Today I had Eclipse -1 on the calendar but for some reason wasn’t feeling that long recovery during the middle of the intervals so swapped it out for Tallac +1. The workout felt
, I was even beginning to like all the different steps that this one has during the interval.
Just finishing week 10 of a 12 week FTP builder block. I completed Spruce-1 while I watched Omloop het Nieuwsblad. What a great way to spend the mornging! So far TRs AI FTP detection and workout planner has been amazing! Love it!
Technically yesterday but had my first good feeling threshold workout in a while. Was back to back to back VO2, SS into Threshold for the 3 days.
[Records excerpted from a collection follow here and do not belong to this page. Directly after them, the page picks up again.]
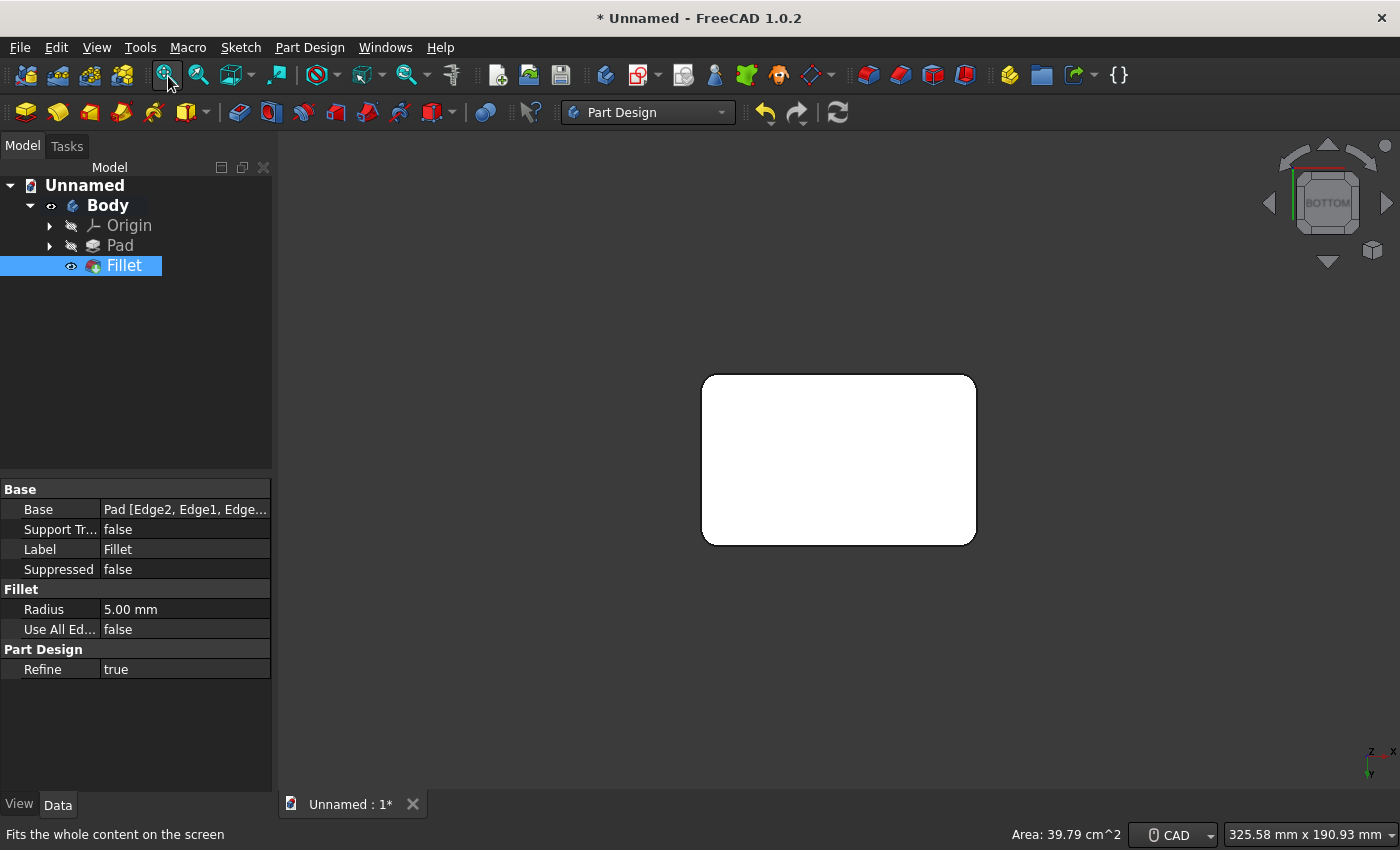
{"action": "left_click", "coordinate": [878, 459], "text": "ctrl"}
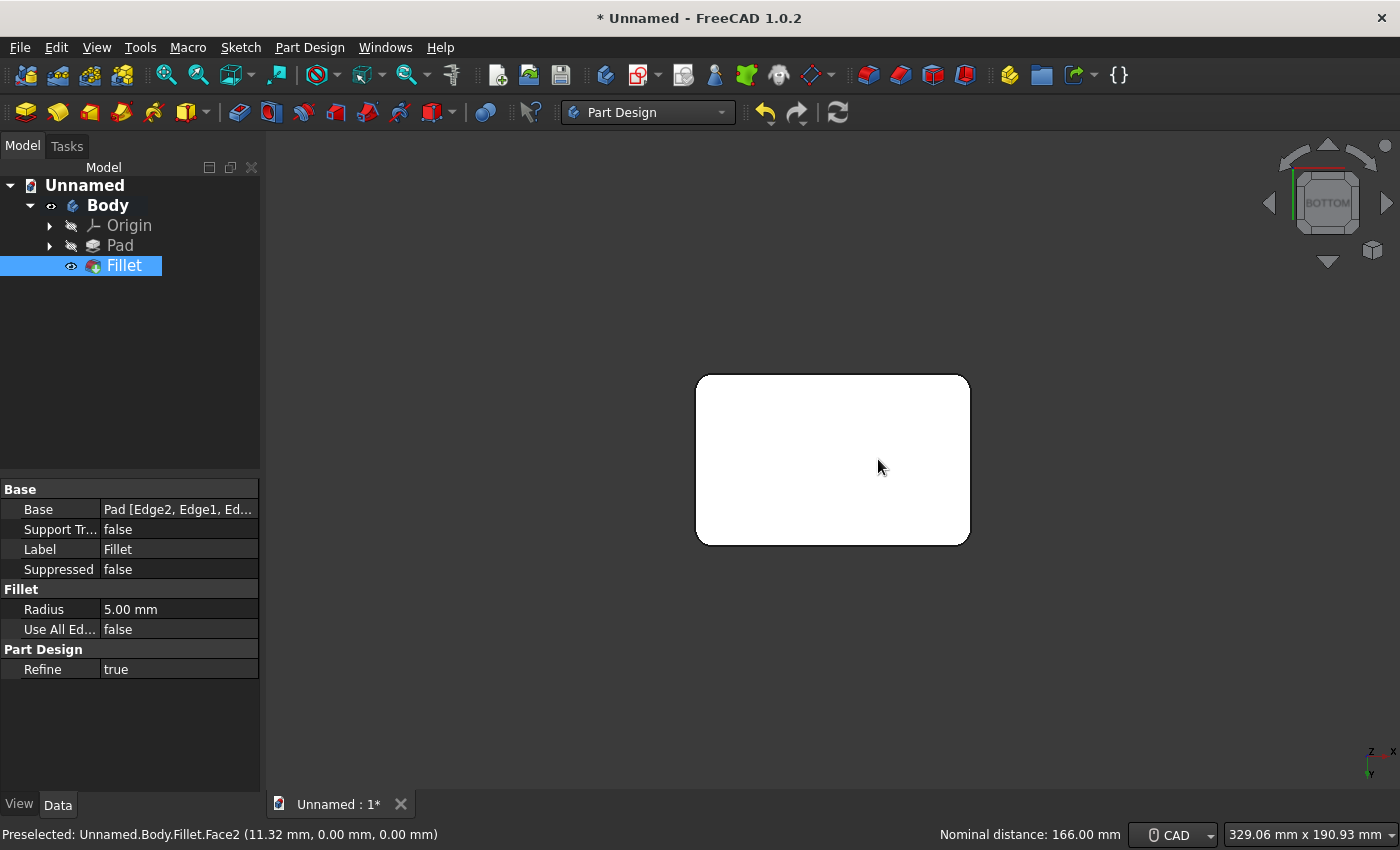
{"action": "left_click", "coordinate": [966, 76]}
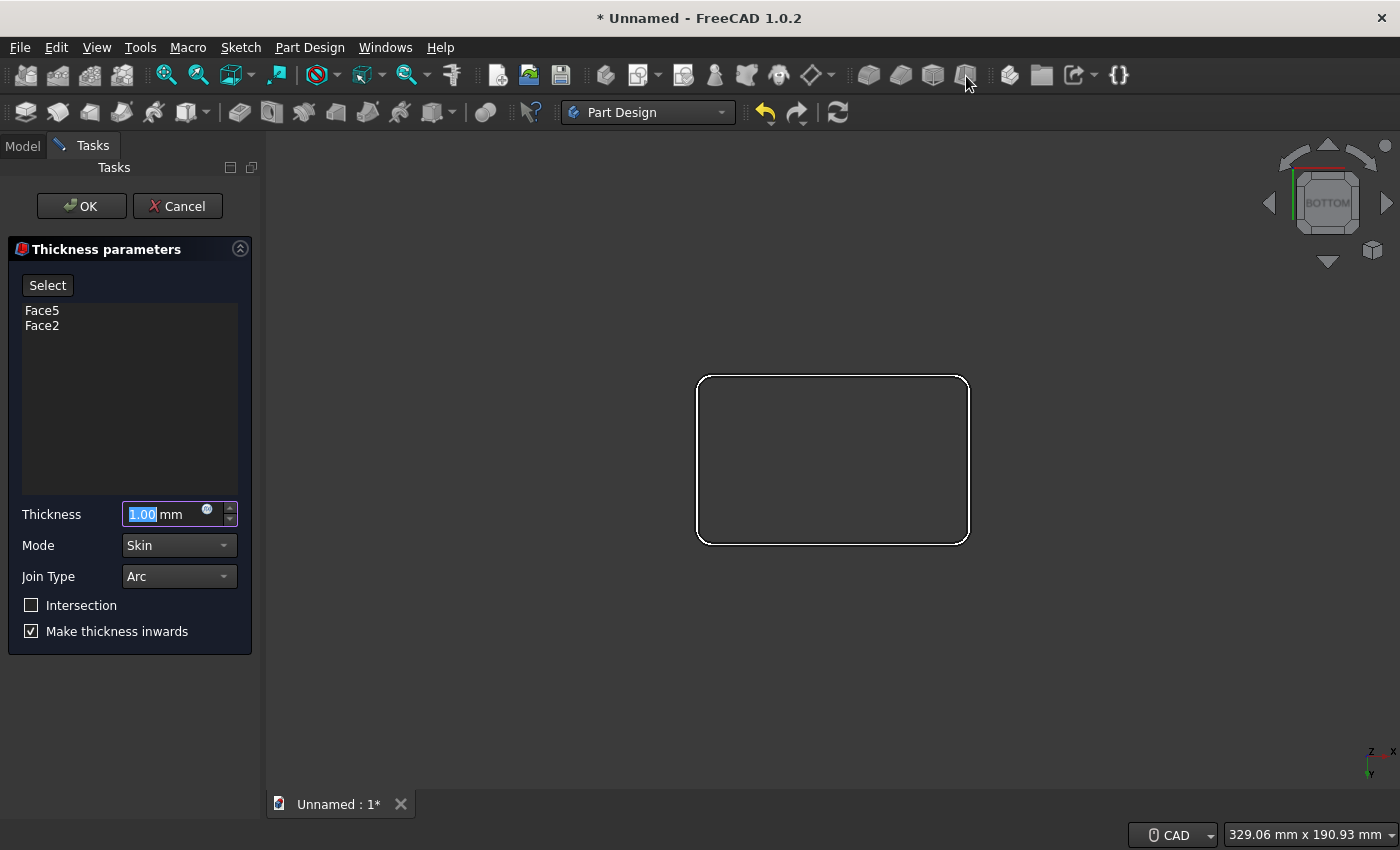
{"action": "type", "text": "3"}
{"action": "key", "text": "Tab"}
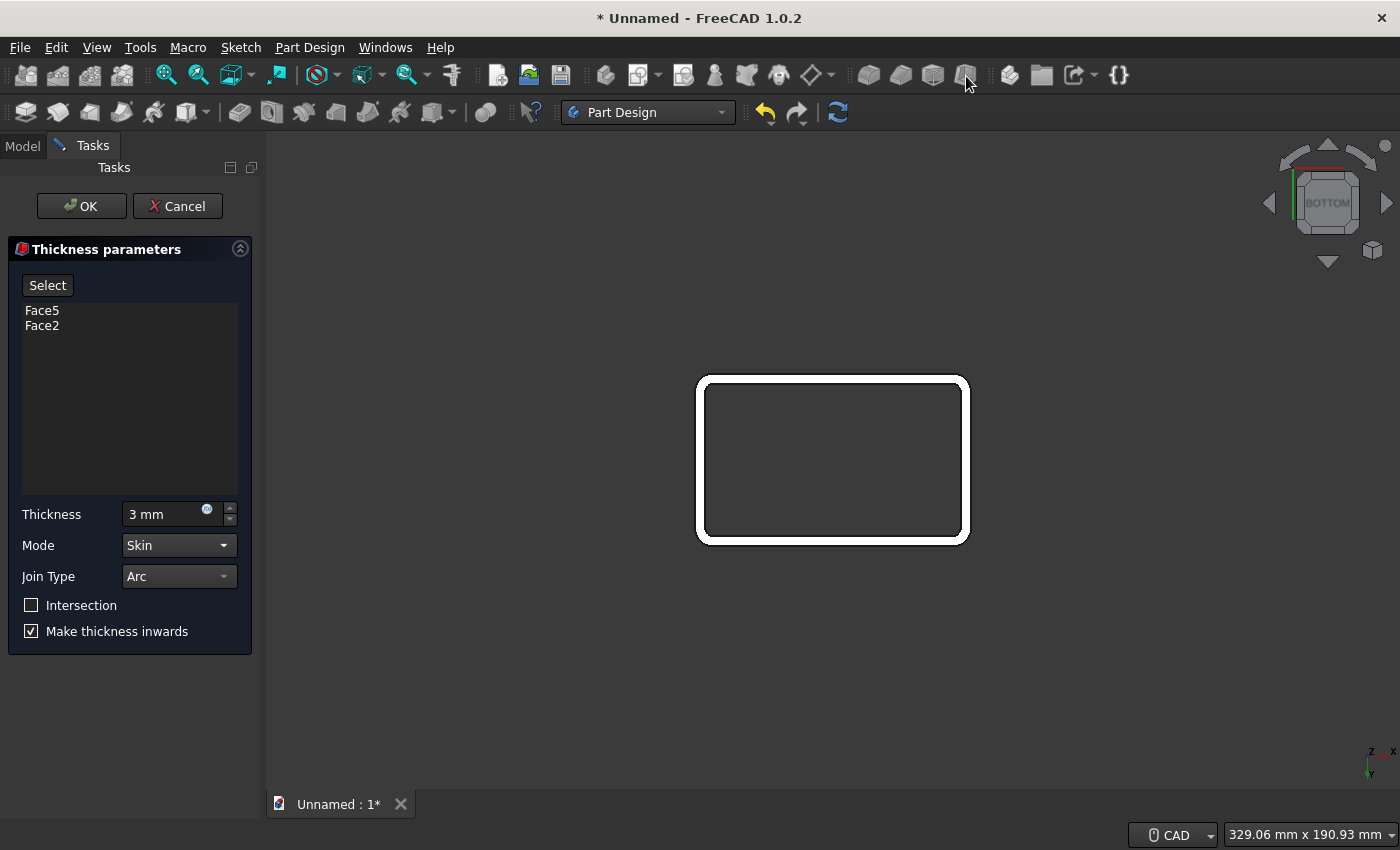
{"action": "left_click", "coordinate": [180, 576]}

Had a work trip and then got a little sick that had impacted week prior and first half of this week.
Also really enjoy seeing other TR kits in Zwift, gives me an extra boost seeing them out there and know we are all working on similar workouts. Working on the tron bike upgrade so was towing some other TR users around on my Zwift TT bike.
First failed planned workout this year. I’d already put it back a day, but I still wasn’t feeling 100% and should probably have not started it today either. Got through two and a bit of four intervals but today was a day when telling my legs to shut up just wasn’t working.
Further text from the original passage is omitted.